S&P 500 Executive Pay: The Bread Keeps Rising: Annual reports theoretically contain the information needed for investors to make economically rational decisions about investment - assuming they’re reading the financial statements, and that they’re rational. Yet annual reports exclude one particular ingredient paid by shareholders to get a return on their investment: management compensation.
To get a handle on management compensation, investors need to dig into the proxy statement, which discloses only a teasing sprinkle of total executive pay information: just the compensation of the top five officers. Never mind that they’re not the only five officers in the employ of shareholders - or that other highly-compensated key employees might not be called "officers." Even in that stingy information, investors are rarely treated to something as helpful as a total compensation figure for the five officers. A booty total remains a do-it-yourself endeavor of perhaps only the most curious investors. In this report, we’ve taken that endeavor to the 500th degree: from the summary compensation tables of the S&P 500 companies, we’ve developed some total information that compares strikingly to other shareholder yardsticks.

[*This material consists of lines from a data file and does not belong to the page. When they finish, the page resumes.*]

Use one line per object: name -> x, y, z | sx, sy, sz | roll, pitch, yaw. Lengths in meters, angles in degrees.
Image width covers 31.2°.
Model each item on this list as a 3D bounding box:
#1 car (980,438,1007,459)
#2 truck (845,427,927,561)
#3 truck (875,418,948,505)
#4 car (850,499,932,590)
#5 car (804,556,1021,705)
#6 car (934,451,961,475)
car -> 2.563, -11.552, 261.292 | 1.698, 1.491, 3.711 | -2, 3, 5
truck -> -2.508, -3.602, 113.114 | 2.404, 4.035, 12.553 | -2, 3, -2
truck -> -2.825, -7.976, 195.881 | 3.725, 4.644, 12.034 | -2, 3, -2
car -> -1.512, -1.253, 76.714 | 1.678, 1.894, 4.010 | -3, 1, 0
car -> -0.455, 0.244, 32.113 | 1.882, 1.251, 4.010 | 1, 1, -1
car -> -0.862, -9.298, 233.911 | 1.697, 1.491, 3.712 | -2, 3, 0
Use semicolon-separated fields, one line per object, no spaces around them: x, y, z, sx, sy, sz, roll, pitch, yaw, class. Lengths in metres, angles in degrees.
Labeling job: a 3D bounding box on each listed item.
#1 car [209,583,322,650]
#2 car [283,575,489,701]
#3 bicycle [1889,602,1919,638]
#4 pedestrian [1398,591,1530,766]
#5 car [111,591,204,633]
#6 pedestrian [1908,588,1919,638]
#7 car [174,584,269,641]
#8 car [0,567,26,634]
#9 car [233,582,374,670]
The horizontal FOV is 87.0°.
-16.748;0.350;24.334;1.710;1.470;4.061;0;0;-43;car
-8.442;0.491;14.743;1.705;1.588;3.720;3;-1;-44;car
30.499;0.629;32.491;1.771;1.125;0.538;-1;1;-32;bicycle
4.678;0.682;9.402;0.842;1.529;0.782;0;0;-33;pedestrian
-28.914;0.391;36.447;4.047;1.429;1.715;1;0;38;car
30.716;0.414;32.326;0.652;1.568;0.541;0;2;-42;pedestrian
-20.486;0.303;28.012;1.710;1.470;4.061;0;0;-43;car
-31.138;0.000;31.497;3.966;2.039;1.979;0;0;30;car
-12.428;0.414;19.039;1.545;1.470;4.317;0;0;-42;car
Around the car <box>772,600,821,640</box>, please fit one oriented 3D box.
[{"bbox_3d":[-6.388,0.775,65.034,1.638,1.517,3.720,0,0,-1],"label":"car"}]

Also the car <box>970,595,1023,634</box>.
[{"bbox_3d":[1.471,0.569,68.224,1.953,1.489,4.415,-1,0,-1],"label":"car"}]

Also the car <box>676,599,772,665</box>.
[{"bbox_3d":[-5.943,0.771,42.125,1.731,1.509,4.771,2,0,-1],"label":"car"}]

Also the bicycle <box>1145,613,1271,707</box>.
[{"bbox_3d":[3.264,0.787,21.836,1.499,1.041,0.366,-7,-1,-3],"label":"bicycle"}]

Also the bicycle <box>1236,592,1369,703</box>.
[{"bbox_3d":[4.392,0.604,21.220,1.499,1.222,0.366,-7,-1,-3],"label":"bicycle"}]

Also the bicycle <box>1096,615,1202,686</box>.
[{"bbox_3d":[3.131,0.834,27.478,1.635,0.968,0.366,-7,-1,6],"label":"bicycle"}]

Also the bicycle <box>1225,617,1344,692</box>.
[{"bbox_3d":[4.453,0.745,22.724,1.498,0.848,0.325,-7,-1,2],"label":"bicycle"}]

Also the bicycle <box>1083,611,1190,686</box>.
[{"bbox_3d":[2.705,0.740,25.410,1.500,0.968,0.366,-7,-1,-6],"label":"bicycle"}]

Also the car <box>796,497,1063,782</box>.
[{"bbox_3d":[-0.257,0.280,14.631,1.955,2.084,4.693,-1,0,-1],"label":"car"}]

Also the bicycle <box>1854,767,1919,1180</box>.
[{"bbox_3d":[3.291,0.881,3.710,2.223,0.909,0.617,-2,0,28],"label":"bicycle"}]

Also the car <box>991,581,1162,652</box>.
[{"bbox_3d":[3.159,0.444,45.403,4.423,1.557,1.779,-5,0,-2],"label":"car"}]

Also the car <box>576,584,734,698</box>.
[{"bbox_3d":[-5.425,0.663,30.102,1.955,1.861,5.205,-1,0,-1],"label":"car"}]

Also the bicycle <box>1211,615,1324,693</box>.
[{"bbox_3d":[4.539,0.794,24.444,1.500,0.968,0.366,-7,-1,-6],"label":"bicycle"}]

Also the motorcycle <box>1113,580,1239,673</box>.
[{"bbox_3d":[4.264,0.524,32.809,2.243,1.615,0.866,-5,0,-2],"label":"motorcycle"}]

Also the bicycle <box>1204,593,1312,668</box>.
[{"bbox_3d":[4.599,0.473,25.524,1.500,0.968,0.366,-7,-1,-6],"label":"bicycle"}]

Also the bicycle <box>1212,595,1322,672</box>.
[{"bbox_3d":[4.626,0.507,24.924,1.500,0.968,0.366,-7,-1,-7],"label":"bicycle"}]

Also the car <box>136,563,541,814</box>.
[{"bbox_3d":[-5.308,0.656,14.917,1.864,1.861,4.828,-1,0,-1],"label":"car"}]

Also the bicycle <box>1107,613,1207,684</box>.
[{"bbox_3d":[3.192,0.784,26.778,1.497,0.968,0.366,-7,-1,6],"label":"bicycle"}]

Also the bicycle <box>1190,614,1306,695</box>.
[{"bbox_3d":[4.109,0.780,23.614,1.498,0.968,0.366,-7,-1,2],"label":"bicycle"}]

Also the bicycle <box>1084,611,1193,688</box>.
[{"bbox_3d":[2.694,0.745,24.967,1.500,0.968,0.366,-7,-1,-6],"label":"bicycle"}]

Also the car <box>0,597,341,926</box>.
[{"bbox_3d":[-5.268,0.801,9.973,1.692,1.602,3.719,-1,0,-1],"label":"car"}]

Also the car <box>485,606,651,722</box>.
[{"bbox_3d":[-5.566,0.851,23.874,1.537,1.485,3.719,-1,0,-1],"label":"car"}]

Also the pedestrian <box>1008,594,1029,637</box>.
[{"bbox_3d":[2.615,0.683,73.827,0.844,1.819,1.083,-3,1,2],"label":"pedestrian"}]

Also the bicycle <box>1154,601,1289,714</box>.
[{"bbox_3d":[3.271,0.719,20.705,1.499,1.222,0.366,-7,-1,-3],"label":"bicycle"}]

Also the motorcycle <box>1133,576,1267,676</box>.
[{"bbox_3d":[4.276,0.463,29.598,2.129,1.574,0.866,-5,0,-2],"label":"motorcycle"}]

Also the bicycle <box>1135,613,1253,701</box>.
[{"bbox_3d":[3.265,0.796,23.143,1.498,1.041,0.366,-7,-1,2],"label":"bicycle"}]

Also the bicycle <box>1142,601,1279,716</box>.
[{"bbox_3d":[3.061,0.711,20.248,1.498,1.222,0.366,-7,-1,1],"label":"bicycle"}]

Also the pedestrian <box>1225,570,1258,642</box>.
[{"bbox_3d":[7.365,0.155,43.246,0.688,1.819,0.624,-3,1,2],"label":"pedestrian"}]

Shareholders employ managers to be efficient and shepherd resources - but they shouldn’t expect them to take that attitude with their own pay. It’s a job that shareholders must do for themselves. If shareholders were more aware of just how much managers were paid for their services, there might be more "no on pay" votes every proxy season. Strong earnings performance in 2011 seems to have enabled gains in executive pay. Total compensation for the S&P 500’s executive clusters climbed 7.7% in 2011; CEO pay increased 12.8%. It was indeed a very good year.